As for the PVA composite fiber sponges MNS1 to MNS3 and the PVA composite fiber non-woven fabrics MNW1 to MNW3, similar excellent slow-release effects of sulforaphane can also be observed. Table 7. The sulforaphane release rate of each composite fiber sponge and composite fiber body Sulforaphane release rate (%) Time (Hour) Group 1 3 6 16 twenty four 48 72 96 120 Composite fiber sponge AS2 63.7 92.4 98.7 98.9 99.1 - - - - AS3 13.2 21.3 30.2 38.6 41.5 76.2 85.4 90.4 96.7 AS4 15.7 23.6 35.1 40.3 45.2 78.4 88.2 92.1 98.1 AS5 20.6 30.1 36.9 42.1 50.2 80.6 90.6 95.2 97.8 CS1 52.5 78.3 97.8 98.7 98.7 - - - - CS2 4.3 10.3 15.6 28.4 34.9 50.1 63.2 80.1 90.9 CS3 5.2 14.1 20.2 30.2 37.9 53.2 66.6 84.6 93.2 CS4 6.1 16.5 24.3 31.4 42.5 55.9 72.4 88.5 94.5 PVA composite fiber sponge MNS1 21.5 28.5 37.4 48.3 62.4 82.5 94.6 98.4 - MNS2 24.3 33.1 42.6 53.1 69.3 85.1 97.2 98.3 - MNS3 30.2 36.9 47.2 30.2 70.1 88.5 96.6 97.7 - PVA composite fiber non-woven fabric MNW1 20.3 26.5 34.6 50.6 53.2 79.9 94.6 97.6 - MNW2 25.9 32.9 15.6 28.4 64.9 84.3 97.6 98.3 - MNW3 28.6 37.8 47.2 30.2 67.9 93.2 98.6 97.6 -

Based on the above experimental results, the applicant believes that the composite fiber sponge or composite fiber body prepared by using the polysaccharide-based composite fiber containing the extract product of the cruciferous (Brassicaceae) plant containing sulforaphane can release sulforaphane slowly Sulforaphane, and can exert the pharmacological activity of sulforaphane for a long time.

All patents and literature cited in this specification are hereby incorporated by reference in their entirety. In case of conflict, the detailed description of the case (including definitions) will prevail.
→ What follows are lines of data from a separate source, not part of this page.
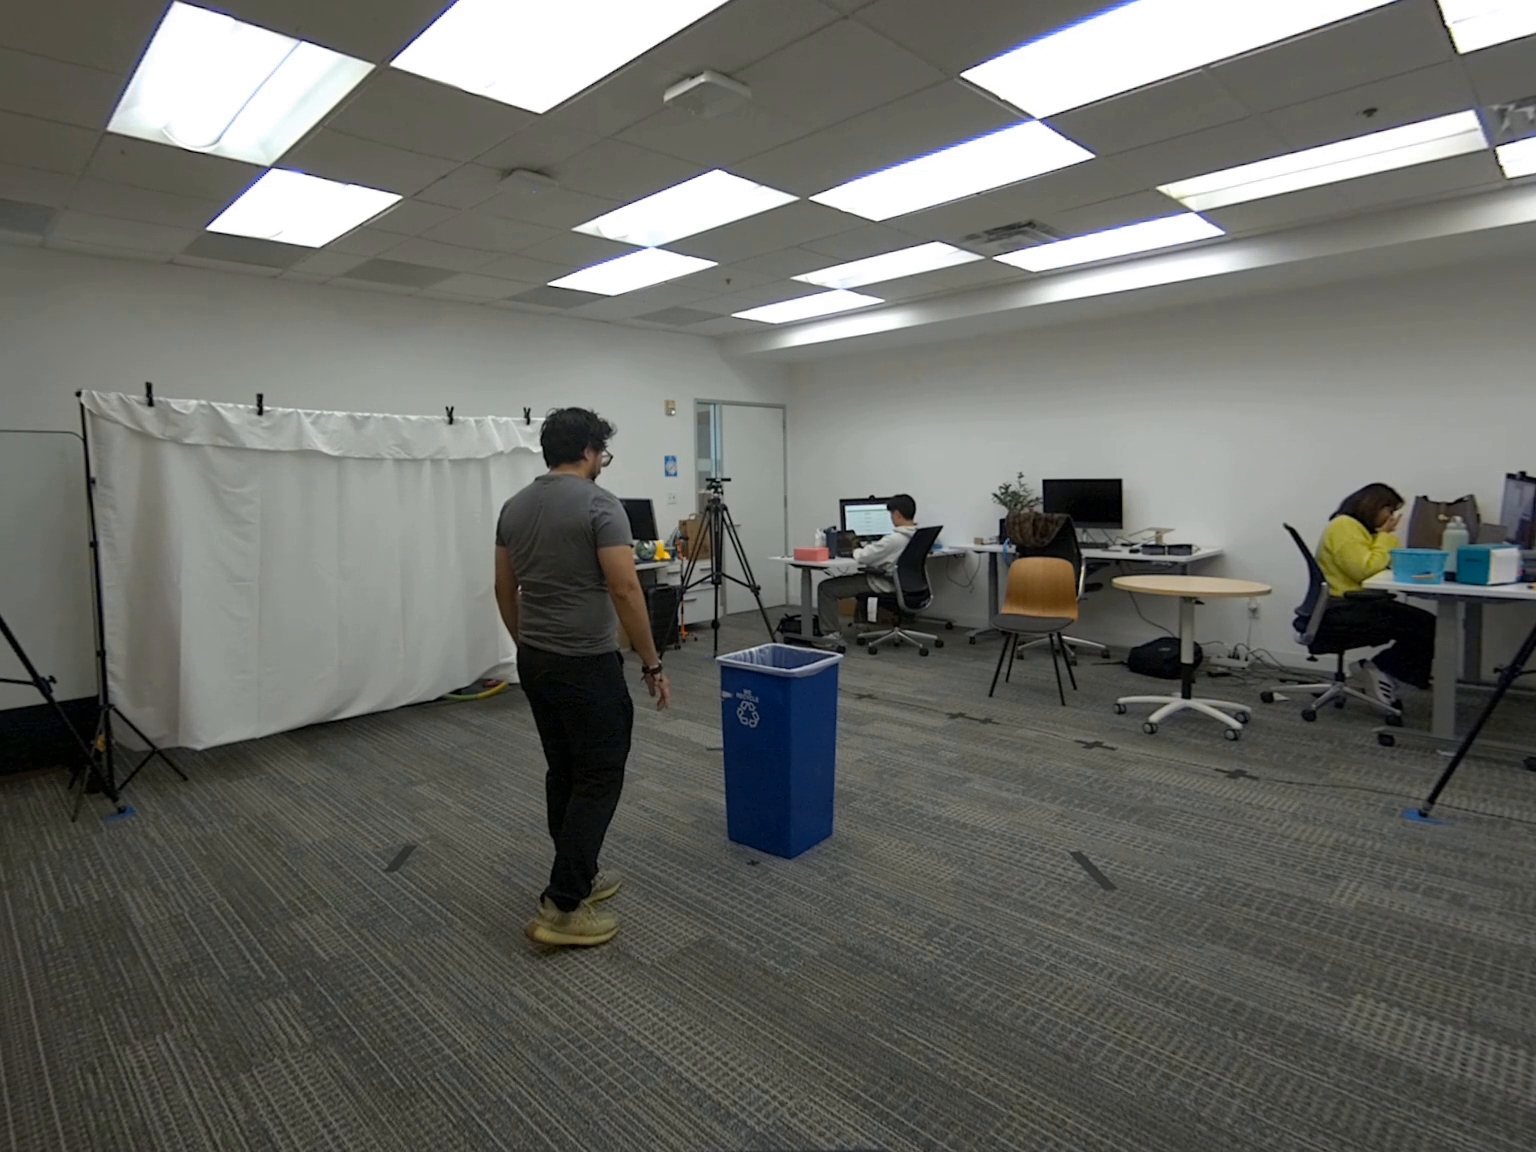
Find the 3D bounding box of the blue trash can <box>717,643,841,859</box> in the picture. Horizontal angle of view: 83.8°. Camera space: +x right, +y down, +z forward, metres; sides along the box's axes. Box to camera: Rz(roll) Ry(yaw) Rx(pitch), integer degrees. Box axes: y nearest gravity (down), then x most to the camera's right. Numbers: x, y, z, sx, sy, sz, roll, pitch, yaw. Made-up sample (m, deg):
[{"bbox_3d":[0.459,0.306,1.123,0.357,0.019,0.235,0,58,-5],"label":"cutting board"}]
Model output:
[{"bbox_3d":[0.055,0.660,3.303,0.385,0.711,0.368,2,5,38],"label":"blue trash can"}]
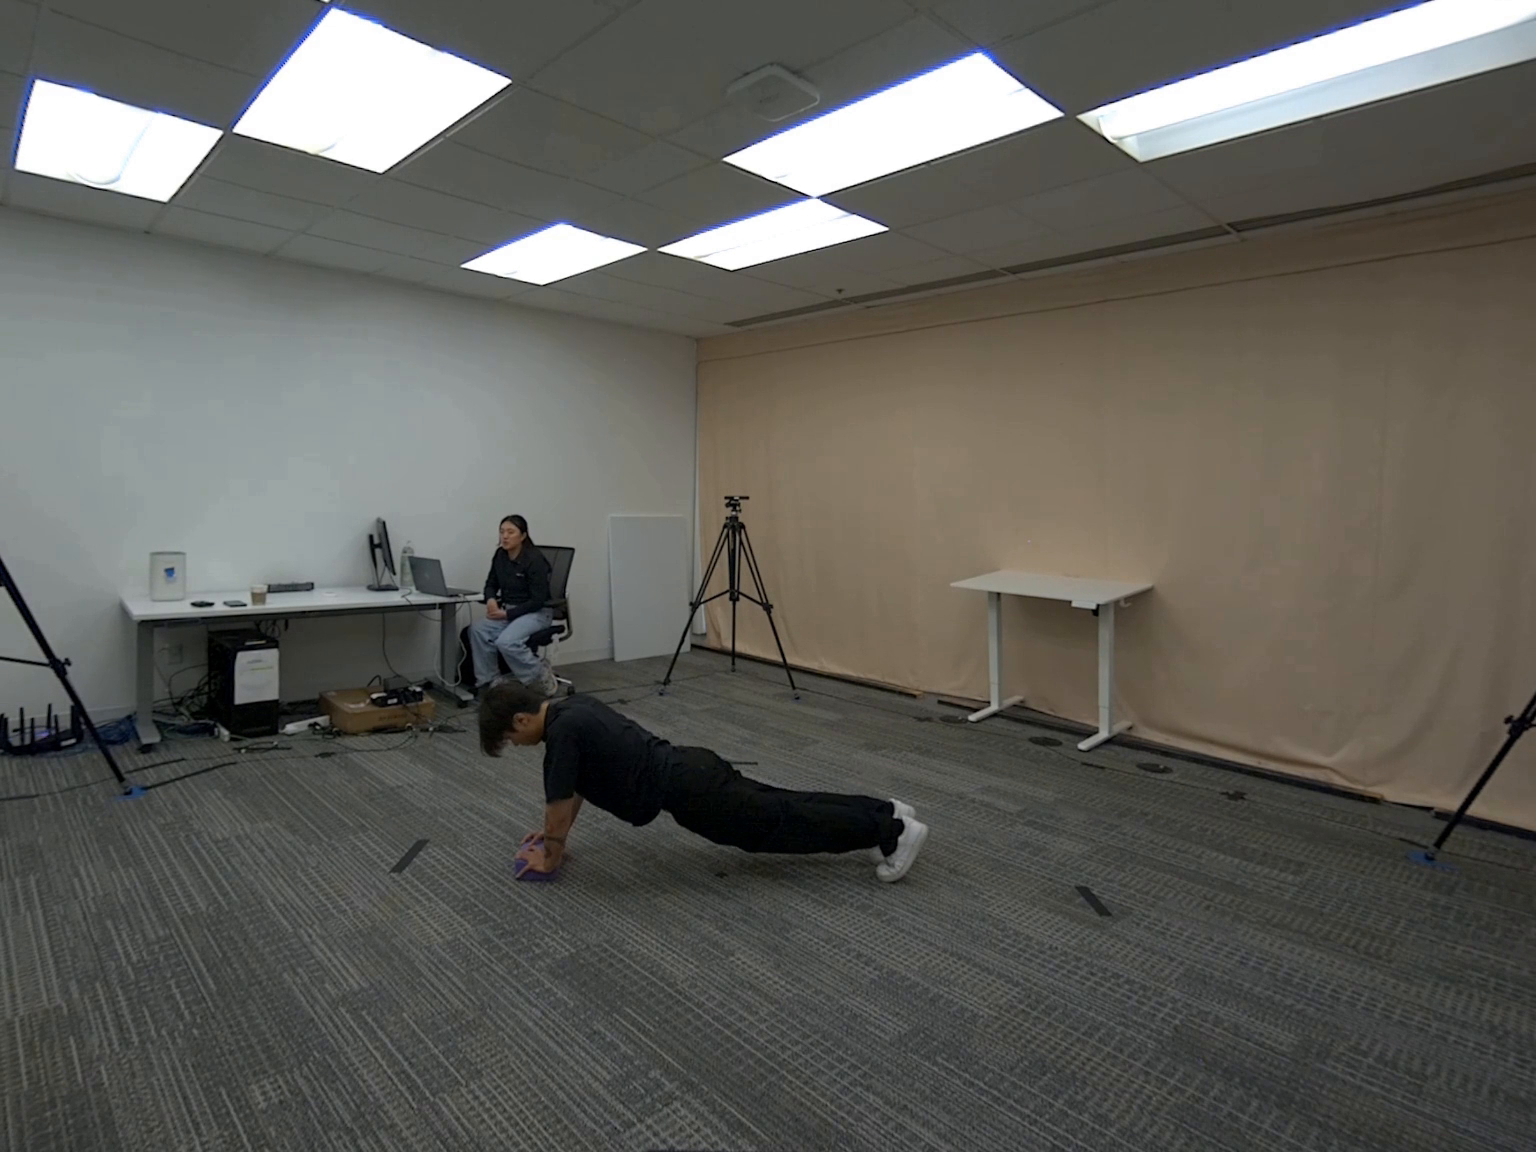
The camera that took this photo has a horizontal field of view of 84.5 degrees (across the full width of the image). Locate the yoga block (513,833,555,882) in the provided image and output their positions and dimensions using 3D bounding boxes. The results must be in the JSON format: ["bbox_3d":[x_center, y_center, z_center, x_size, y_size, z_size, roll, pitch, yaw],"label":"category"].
[{"bbox_3d":[-0.848,1.042,3.137,0.148,0.076,0.231,0,6,-6],"label":"yoga block"}]
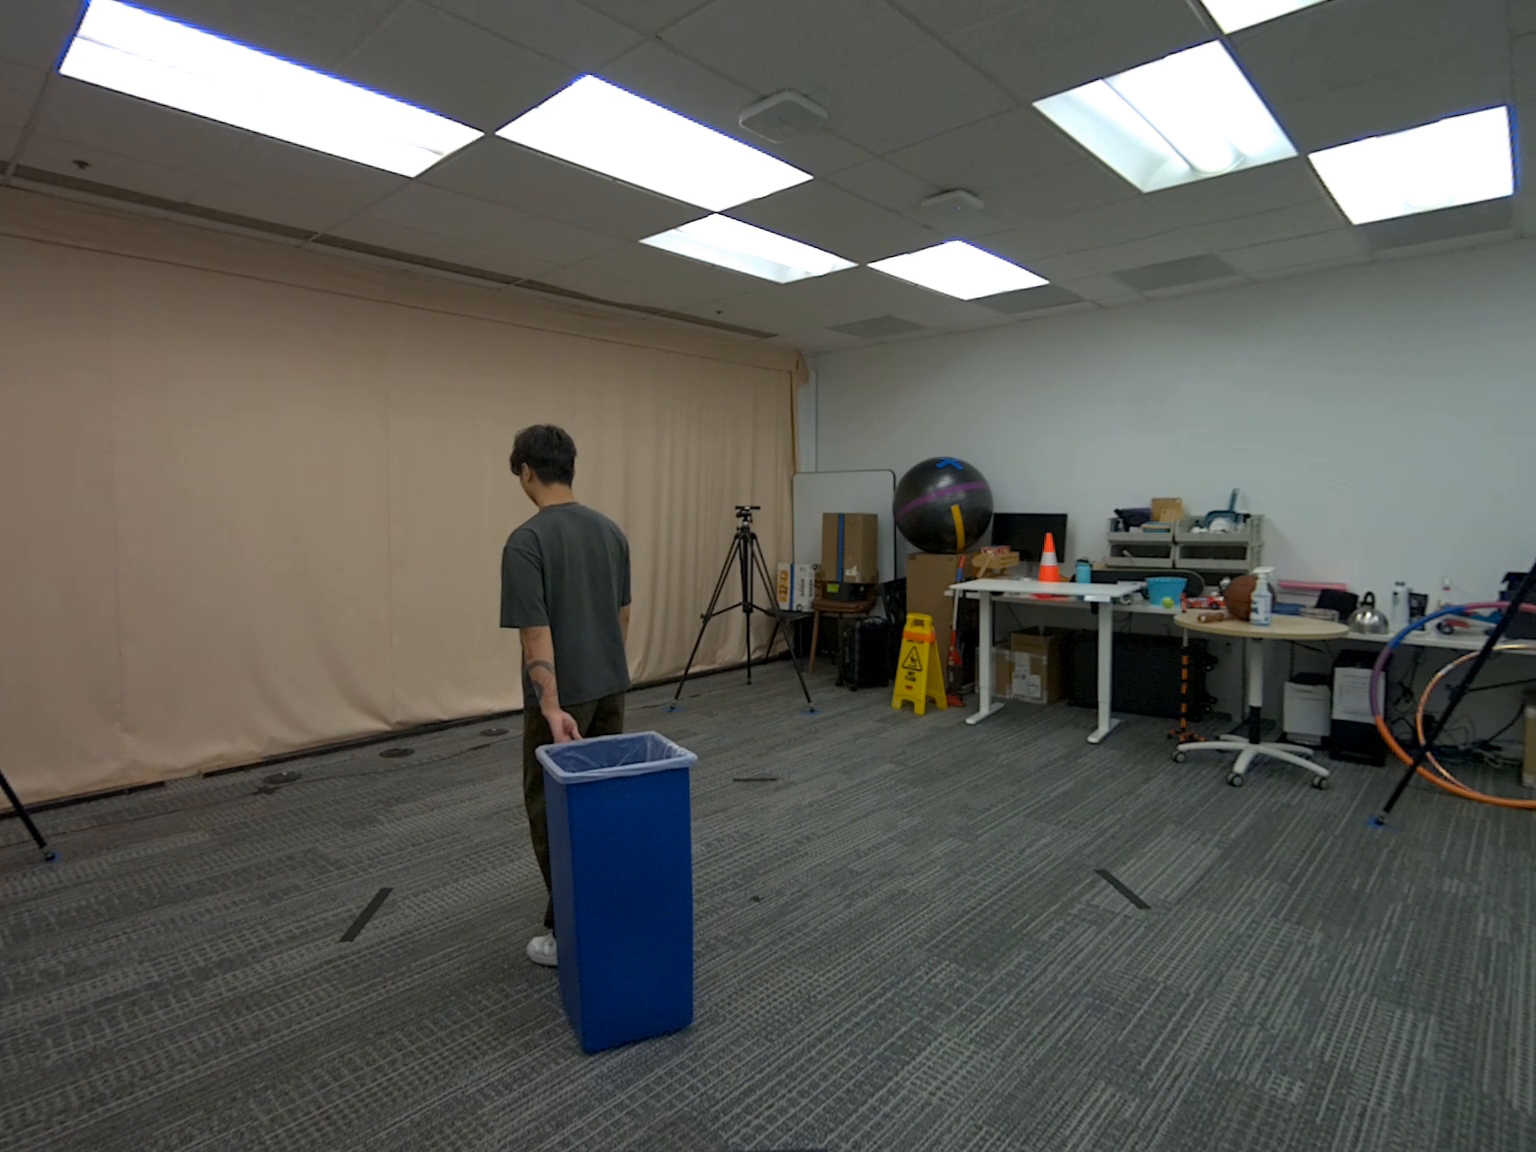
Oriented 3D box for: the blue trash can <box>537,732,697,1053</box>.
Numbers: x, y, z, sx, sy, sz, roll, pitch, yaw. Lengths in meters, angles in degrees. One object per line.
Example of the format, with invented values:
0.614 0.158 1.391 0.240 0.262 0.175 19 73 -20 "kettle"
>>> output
-0.408 0.839 2.307 0.365 0.714 0.387 -2 0 -25 "blue trash can"

While the invention has been described with reference to specific examples thereof, obviously many modifications and variations can be made without departing from the scope and spirit of the invention. It is therefore intended that the present invention be limited only as indicated by the claims attached hereto.

Claims (6)

A composite fiber sponge containing sulforaphane, which is formed by molding and cross-linking a composite solution, wherein the composite solution contains a composite fiber containing an extract product of a Brassicaceae plant, polysaccharide and carboxymethylcellulose fiber, an extract of this cruciferous plant that contains sulforaphane. The composite fiber sponge according to claim 1, wherein the composite fiber containing the cruciferous plant extract is formed by a fiber mother liquor, wherein the fiber mother liquor comprises: the cruciferous plant extract and polysaccharide. The composite fiber sponge as claimed in item 2, wherein the extract product of the cruciferous plant is obtained by using a cruciferous plant extract containing myrosinase to a cruciferous plant extract containing glucosinolate (glucosinolate) Plant material is produced by subjecting it to hydrolysis. The composite fiber sponge according to any one of claims 1 to 3, wherein the cruciferous plant is selected from the group consisting of: cabbage, broccoli, cauliflower, cabbage, turnip, mustard greens, bok choy, Cabbage, and combinations thereof. The composite fiber sponge according to claim 1 or 2, wherein the polysaccharide is selected from the group consisting of alginate, chitosan, and combinations thereof. A complex fiber body containing sulforaphane, which comprises: A substrate, which is a composite fiber sponge as in any one of claims 1 to 5; and a functional layer coated on the substrate, which is formed by electrospinning a mixed solution, wherein the The mixture contains an extract of cruciferous plants containing sulforaphane, and polyvinyl alcohol.